— RECORDS PROVIDED —

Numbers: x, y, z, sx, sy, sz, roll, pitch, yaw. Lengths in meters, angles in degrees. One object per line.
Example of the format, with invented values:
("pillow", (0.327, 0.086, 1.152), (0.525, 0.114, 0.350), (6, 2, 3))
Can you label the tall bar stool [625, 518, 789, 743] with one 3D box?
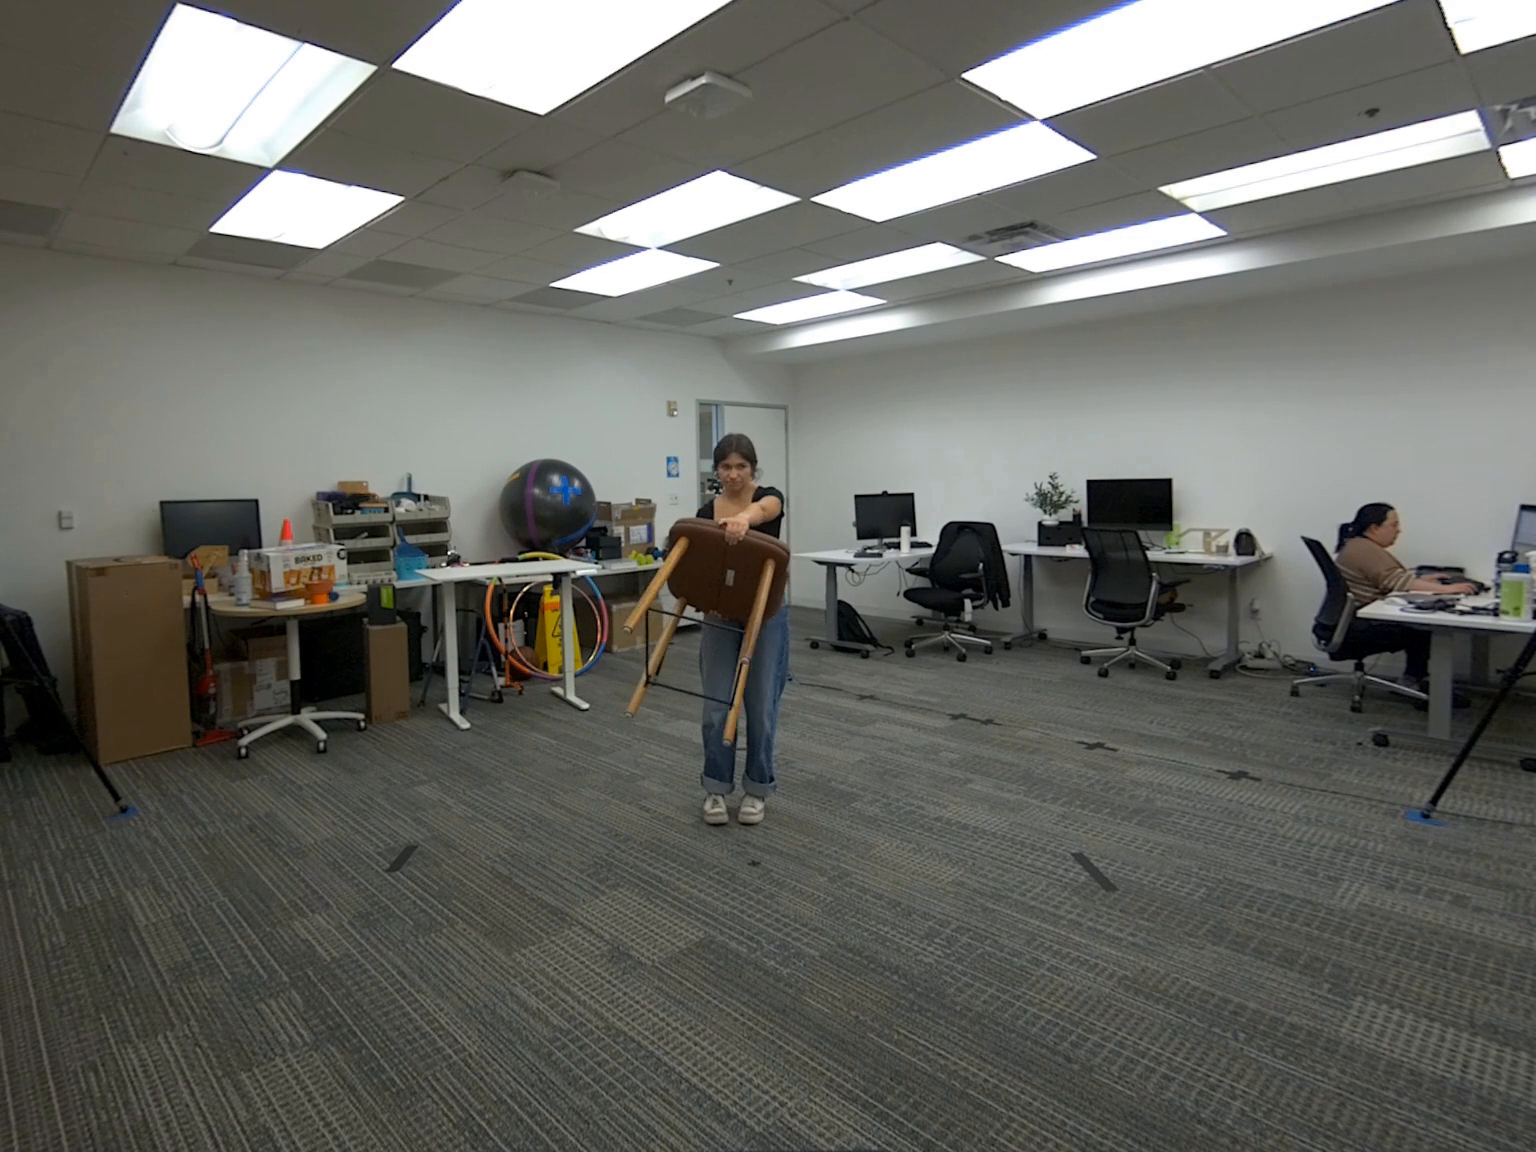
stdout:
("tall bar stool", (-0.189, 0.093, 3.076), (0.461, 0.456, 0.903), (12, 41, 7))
--
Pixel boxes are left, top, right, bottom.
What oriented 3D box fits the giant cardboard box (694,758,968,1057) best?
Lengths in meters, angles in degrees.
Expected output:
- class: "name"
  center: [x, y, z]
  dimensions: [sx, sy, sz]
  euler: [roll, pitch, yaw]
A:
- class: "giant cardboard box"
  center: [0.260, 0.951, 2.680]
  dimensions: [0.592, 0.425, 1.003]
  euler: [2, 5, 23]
---
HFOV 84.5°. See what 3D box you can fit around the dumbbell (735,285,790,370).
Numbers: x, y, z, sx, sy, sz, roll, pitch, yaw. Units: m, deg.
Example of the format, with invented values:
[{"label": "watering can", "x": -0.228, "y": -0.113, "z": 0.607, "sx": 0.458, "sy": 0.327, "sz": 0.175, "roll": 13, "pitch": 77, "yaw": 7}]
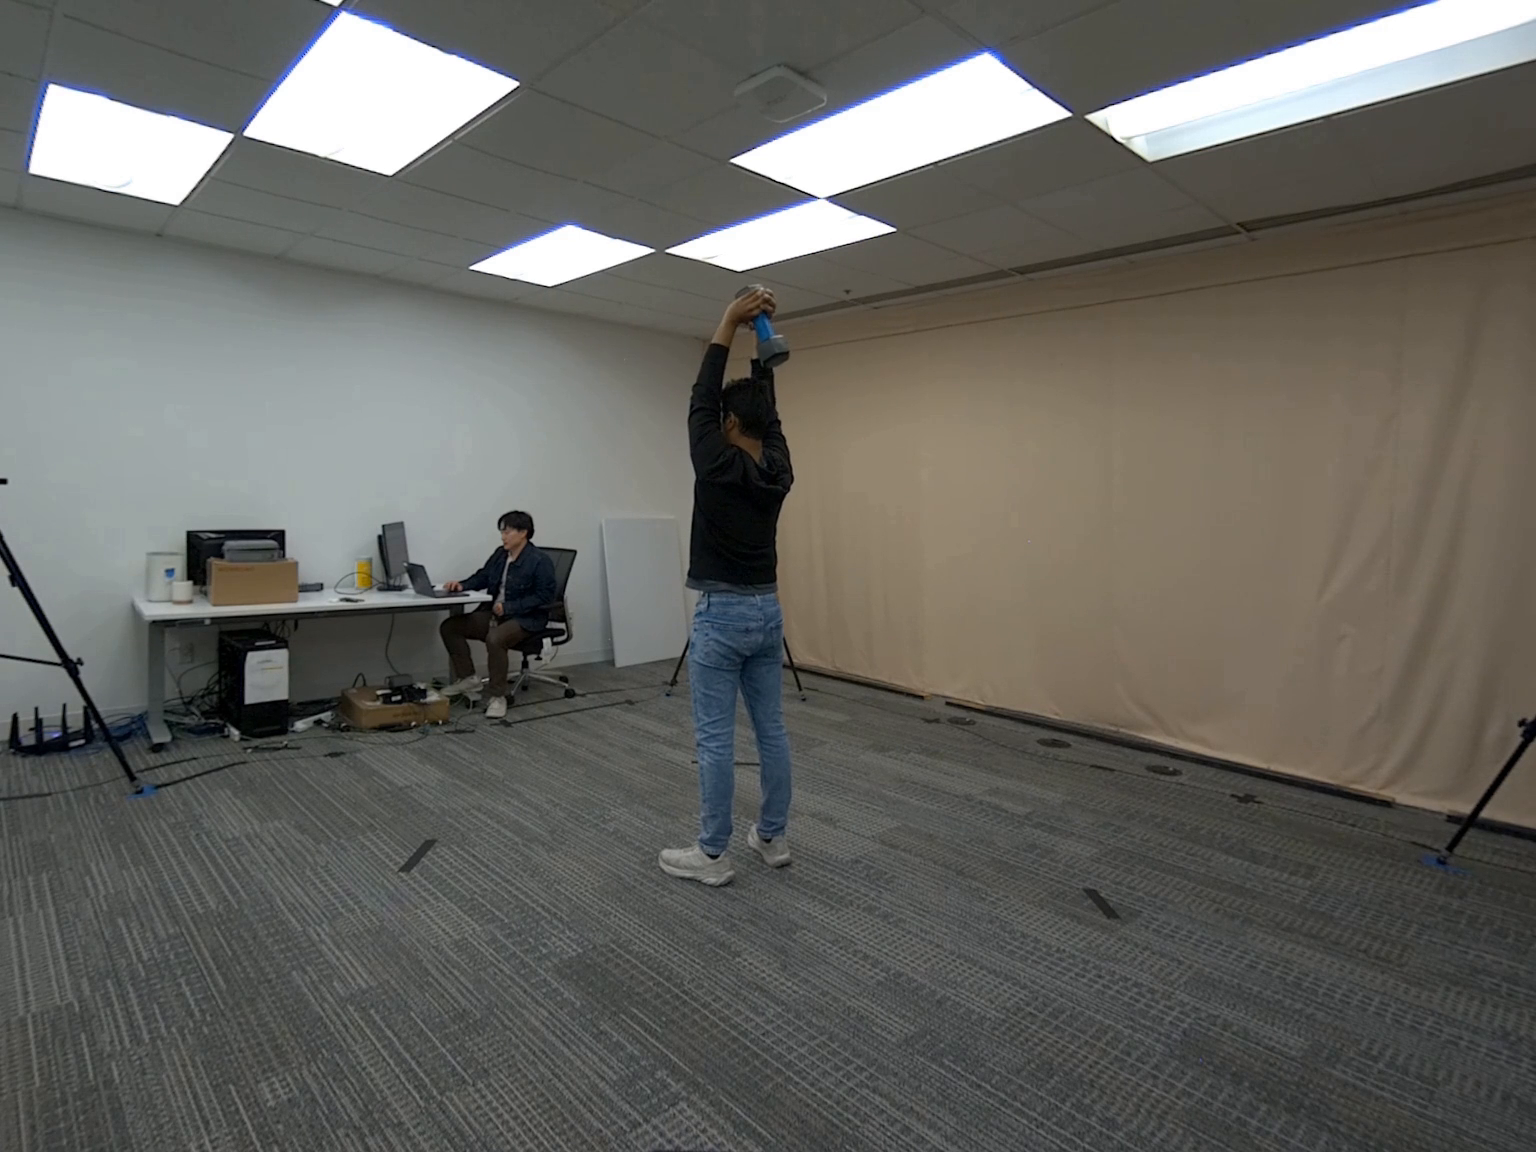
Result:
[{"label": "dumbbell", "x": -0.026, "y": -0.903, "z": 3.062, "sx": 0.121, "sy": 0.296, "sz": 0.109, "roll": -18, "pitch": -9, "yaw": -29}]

— PROBLEM —
Go through the entries and filter for lines holding the word "angles"; copy each match.

— ANSWER TO THE EXERCISE —
Numbers: x, y, z, sx, sy, sz, roll, pitch, yaw. Lengths in meters, angles in degrees. One object per line.
Lengths in meters, angles in degrees.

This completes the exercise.